++++ Stored data
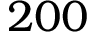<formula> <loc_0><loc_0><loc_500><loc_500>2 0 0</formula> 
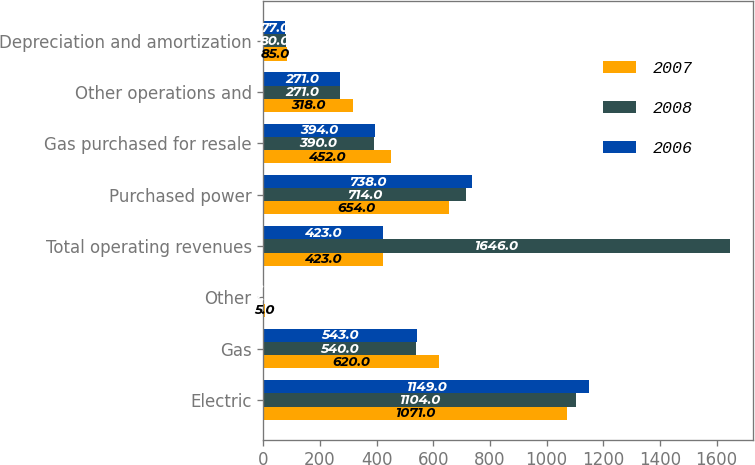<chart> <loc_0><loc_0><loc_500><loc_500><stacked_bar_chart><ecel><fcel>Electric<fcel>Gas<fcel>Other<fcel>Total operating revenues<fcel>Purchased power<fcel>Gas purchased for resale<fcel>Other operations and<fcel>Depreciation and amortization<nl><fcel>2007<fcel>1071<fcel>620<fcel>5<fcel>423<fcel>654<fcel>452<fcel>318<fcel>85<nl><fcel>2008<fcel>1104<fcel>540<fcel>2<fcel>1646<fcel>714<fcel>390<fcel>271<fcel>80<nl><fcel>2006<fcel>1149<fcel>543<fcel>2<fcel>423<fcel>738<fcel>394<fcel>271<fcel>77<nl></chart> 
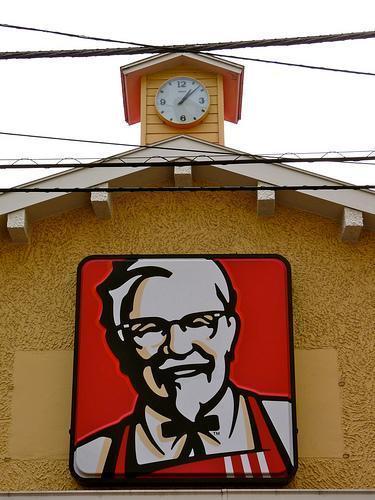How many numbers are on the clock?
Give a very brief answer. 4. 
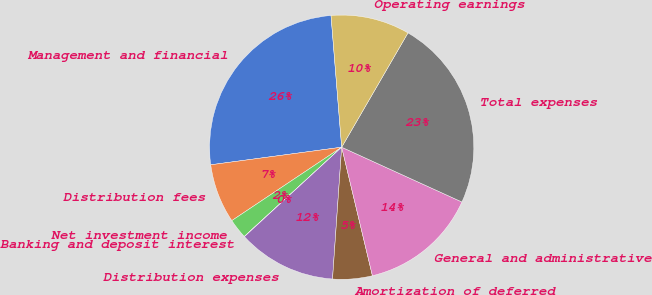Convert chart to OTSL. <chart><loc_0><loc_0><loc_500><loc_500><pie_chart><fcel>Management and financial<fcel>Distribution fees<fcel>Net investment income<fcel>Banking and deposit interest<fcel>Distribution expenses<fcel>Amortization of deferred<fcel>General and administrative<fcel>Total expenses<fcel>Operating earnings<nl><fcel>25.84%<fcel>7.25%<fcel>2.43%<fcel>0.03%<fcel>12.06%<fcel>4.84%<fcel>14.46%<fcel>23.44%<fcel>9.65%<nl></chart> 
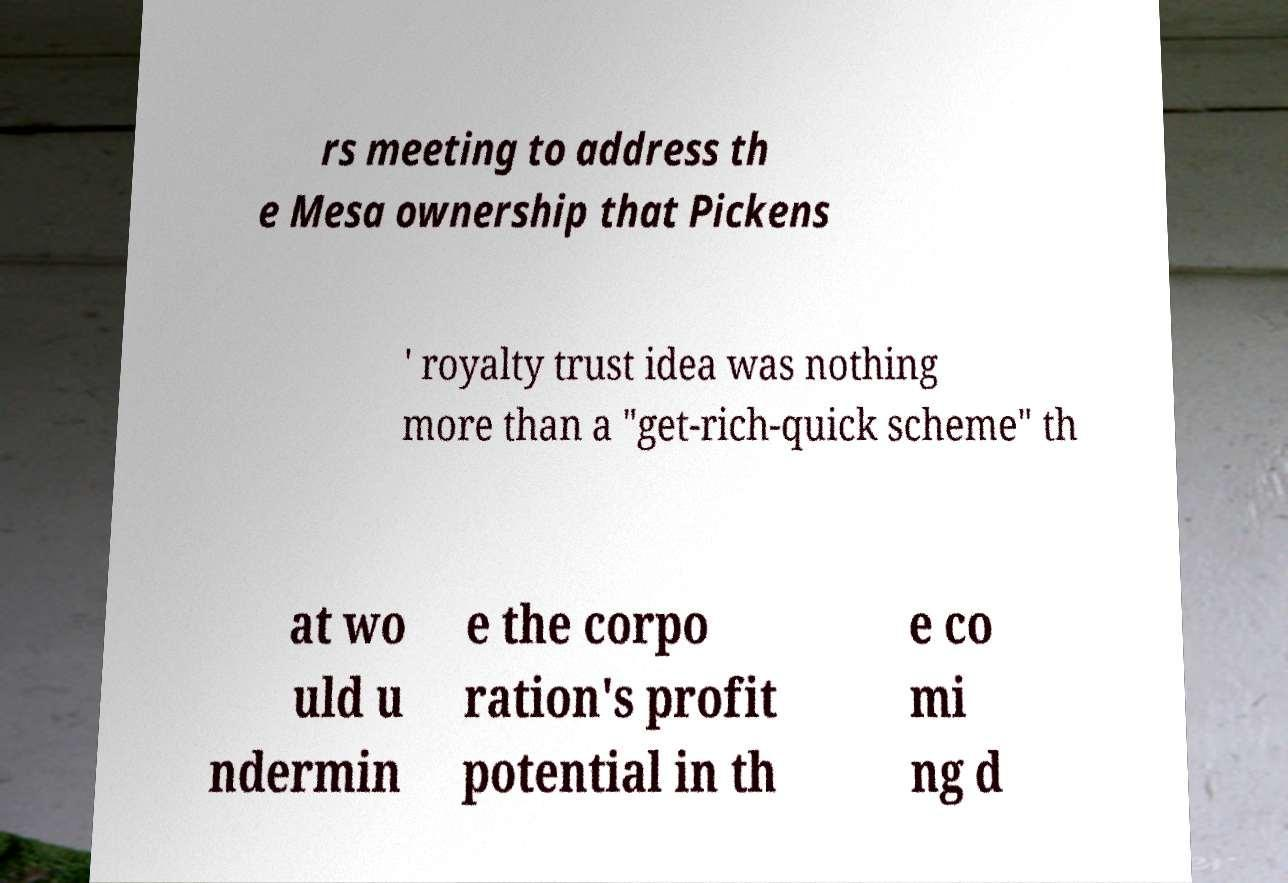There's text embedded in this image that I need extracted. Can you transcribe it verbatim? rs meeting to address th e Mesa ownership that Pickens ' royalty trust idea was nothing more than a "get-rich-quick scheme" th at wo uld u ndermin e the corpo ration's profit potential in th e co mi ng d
++++++++
With pictures left out, print the lines of the material above from the line containing "operating revenues<fcel>Purchased power<fcel>Gas" through its last line, exactly and nothing more.

<chart> <loc_0><loc_0><loc_500><loc_500><stacked_bar_chart><ecel><fcel>Electric<fcel>Gas<fcel>Other<fcel>Total operating revenues<fcel>Purchased power<fcel>Gas purchased for resale<fcel>Other operations and<fcel>Depreciation and amortization<nl><fcel>2007<fcel>1071<fcel>620<fcel>5<fcel>423<fcel>654<fcel>452<fcel>318<fcel>85<nl><fcel>2008<fcel>1104<fcel>540<fcel>2<fcel>1646<fcel>714<fcel>390<fcel>271<fcel>80<nl><fcel>2006<fcel>1149<fcel>543<fcel>2<fcel>423<fcel>738<fcel>394<fcel>271<fcel>77<nl></chart> 
How many numbers are on the clock?
Give a very brief answer. 4. 
Convert chart to OTSL. <chart><loc_0><loc_0><loc_500><loc_500><pie_chart><fcel>Management and financial<fcel>Distribution fees<fcel>Net investment income<fcel>Banking and deposit interest<fcel>Distribution expenses<fcel>Amortization of deferred<fcel>General and administrative<fcel>Total expenses<fcel>Operating earnings<nl><fcel>25.84%<fcel>7.25%<fcel>2.43%<fcel>0.03%<fcel>12.06%<fcel>4.84%<fcel>14.46%<fcel>23.44%<fcel>9.65%<nl></chart> 
There's text embedded in this image that I need extracted. Can you transcribe it verbatim? rs meeting to address th e Mesa ownership that Pickens ' royalty trust idea was nothing more than a "get-rich-quick scheme" th at wo uld u ndermin e the corpo ration's profit potential in th e co mi ng d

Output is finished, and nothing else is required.